*** SUPPLIED DATA ***

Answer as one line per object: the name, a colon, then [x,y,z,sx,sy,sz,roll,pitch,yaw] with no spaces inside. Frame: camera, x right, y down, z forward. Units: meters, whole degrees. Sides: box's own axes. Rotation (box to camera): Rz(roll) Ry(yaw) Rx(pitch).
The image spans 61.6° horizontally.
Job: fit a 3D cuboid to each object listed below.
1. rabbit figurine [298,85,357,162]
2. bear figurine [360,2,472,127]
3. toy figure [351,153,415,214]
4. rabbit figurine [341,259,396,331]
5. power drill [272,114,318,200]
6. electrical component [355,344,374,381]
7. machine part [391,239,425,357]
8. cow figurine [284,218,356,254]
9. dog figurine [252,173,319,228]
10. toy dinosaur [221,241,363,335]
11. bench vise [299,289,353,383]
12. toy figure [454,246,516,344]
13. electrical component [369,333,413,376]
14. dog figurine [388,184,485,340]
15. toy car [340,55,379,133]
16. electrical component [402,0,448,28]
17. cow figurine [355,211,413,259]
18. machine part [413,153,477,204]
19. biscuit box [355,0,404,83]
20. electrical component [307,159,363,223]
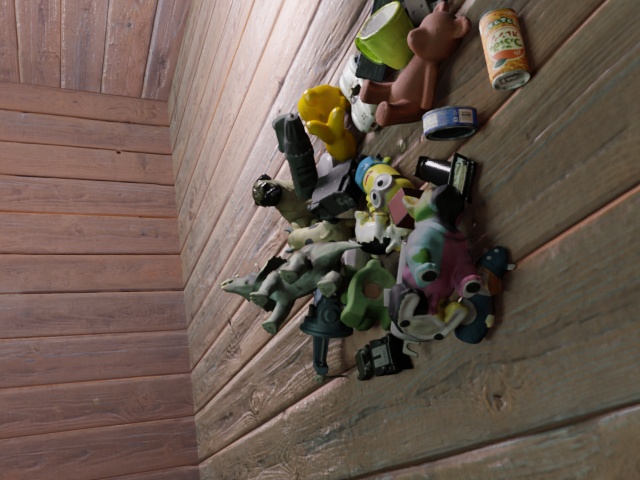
rabbit figurine: [0.031,-0.257,1.202,0.173,0.122,0.162,65,-171,2]
bear figurine: [0.164,-0.300,0.918,0.195,0.132,0.120,107,149,-42]
toy figure: [0.123,-0.114,1.050,0.180,0.089,0.082,-119,24,-61]
rabbit figurine: [0.086,0.120,1.085,0.170,0.121,0.159,108,157,-62]
power drill: [-0.056,-0.225,1.267,0.207,0.086,0.231,-121,13,-52]
electrical component: [0.095,0.265,1.154,0.094,0.021,0.063,110,152,-53]
machine part: [0.171,0.087,0.943,0.079,0.079,0.243,-152,65,-62]
cow figurine: [-0.003,-0.004,1.254,0.195,0.127,0.085,-16,72,61]
dog figurine: [-0.096,-0.091,1.379,0.121,0.190,0.172,-116,35,-44]
toy dinosaur: [-0.036,0.069,1.141,0.405,0.131,0.192,-29,21,31]
bench vise: [0.007,0.200,1.231,0.224,0.129,0.240,-157,71,-73]
toy figure: [0.246,0.082,0.814,0.064,0.058,0.154,20,110,23]
electrical component: [0.130,0.229,1.061,0.119,0.048,0.075,-35,58,58]
dog figurine: [0.171,0.021,0.839,0.219,0.108,0.191,-87,14,-50]
toy car: [0.087,-0.316,1.156,0.073,0.056,0.202,121,141,-47]
electrical component: [0.189,-0.432,0.966,0.078,0.045,0.102,64,154,2]
cow figurine: [0.128,-0.005,1.045,0.167,0.068,0.098,-162,75,-63]
machine part: [0.213,-0.110,0.910,0.139,0.039,0.084,30,124,59]
biscuit box: [0.122,-0.416,1.060,0.059,0.063,0.202,-73,-2,-63]
electrical component: [0.041,-0.114,1.176,0.115,0.058,0.134,-25,33,38]
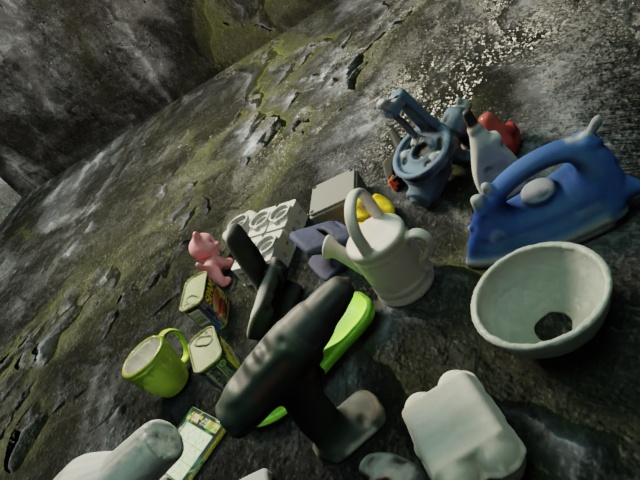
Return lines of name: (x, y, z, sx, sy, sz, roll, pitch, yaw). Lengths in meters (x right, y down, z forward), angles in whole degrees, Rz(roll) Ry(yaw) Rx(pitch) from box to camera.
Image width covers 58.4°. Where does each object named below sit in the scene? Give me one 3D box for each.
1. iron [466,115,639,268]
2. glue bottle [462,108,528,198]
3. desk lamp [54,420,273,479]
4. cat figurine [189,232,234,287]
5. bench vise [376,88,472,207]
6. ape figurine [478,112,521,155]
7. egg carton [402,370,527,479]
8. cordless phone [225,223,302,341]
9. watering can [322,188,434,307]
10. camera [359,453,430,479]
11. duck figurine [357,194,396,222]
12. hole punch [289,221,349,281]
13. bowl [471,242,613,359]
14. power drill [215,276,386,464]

*** End of SUPPLIED DATA ***

WORK TO COMPLETE:
Quote each record exactly as it stands, minus the pictures.

OUTPUT BELOW:
Answer as one line per object: the name, a colon, then [x,y,z,sx,sy,sz,roll,pitch,yaw] with no spaces inside. Frame: camera, x right, y down, z forward. Units: meters, whole degrees. Sides: box's own axes. Rotation (box to camera): Rz(roll) Ry(yaw) Rx(pitch).
The image spans 61.6° horizontally.
Job: fit a 3D cuboid to each object listed below.
1. rabbit figurine [298,85,357,162]
2. bear figurine [360,2,472,127]
3. toy figure [351,153,415,214]
4. rabbit figurine [341,259,396,331]
5. power drill [272,114,318,200]
6. electrical component [355,344,374,381]
7. machine part [391,239,425,357]
8. cow figurine [284,218,356,254]
9. dog figurine [252,173,319,228]
10. toy dinosaur [221,241,363,335]
11. bench vise [299,289,353,383]
12. toy figure [454,246,516,344]
13. electrical component [369,333,413,376]
14. dog figurine [388,184,485,340]
15. toy car [340,55,379,133]
16. electrical component [402,0,448,28]
17. cow figurine [355,211,413,259]
18. machine part [413,153,477,204]
19. biscuit box [355,0,404,83]
20. electrical component [307,159,363,223]
rabbit figurine: [0.031,-0.257,1.202,0.173,0.122,0.162,65,-171,2]
bear figurine: [0.164,-0.300,0.918,0.195,0.132,0.120,107,149,-42]
toy figure: [0.123,-0.114,1.050,0.180,0.089,0.082,-119,24,-61]
rabbit figurine: [0.086,0.120,1.085,0.170,0.121,0.159,108,157,-62]
power drill: [-0.056,-0.225,1.267,0.207,0.086,0.231,-121,13,-52]
electrical component: [0.095,0.265,1.154,0.094,0.021,0.063,110,152,-53]
machine part: [0.171,0.087,0.943,0.079,0.079,0.243,-152,65,-62]
cow figurine: [-0.003,-0.004,1.254,0.195,0.127,0.085,-16,72,61]
dog figurine: [-0.096,-0.091,1.379,0.121,0.190,0.172,-116,35,-44]
toy dinosaur: [-0.036,0.069,1.141,0.405,0.131,0.192,-29,21,31]
bench vise: [0.007,0.200,1.231,0.224,0.129,0.240,-157,71,-73]
toy figure: [0.246,0.082,0.814,0.064,0.058,0.154,20,110,23]
electrical component: [0.130,0.229,1.061,0.119,0.048,0.075,-35,58,58]
dog figurine: [0.171,0.021,0.839,0.219,0.108,0.191,-87,14,-50]
toy car: [0.087,-0.316,1.156,0.073,0.056,0.202,121,141,-47]
electrical component: [0.189,-0.432,0.966,0.078,0.045,0.102,64,154,2]
cow figurine: [0.128,-0.005,1.045,0.167,0.068,0.098,-162,75,-63]
machine part: [0.213,-0.110,0.910,0.139,0.039,0.084,30,124,59]
biscuit box: [0.122,-0.416,1.060,0.059,0.063,0.202,-73,-2,-63]
electrical component: [0.041,-0.114,1.176,0.115,0.058,0.134,-25,33,38]
Return lines of name: (x, y, z, sx, sy, sz, roll, pitch, yaw). Lengths in meters (x right, y down, z forward), angles in whole degrees, Rz(roll) Ry(yaw) Rx(pitch) from box to camera.
Image width covers 58.4°. Where does each object named below sit in the scene? Give me one 3D box for each.
1. iron [466,115,639,268]
2. glue bottle [462,108,528,198]
3. desk lamp [54,420,273,479]
4. cat figurine [189,232,234,287]
5. bench vise [376,88,472,207]
6. ape figurine [478,112,521,155]
7. egg carton [402,370,527,479]
8. cordless phone [225,223,302,341]
9. watering can [322,188,434,307]
10. camera [359,453,430,479]
11. duck figurine [357,194,396,222]
12. hole punch [289,221,349,281]
13. bowl [471,242,613,359]
14. power drill [215,276,386,464]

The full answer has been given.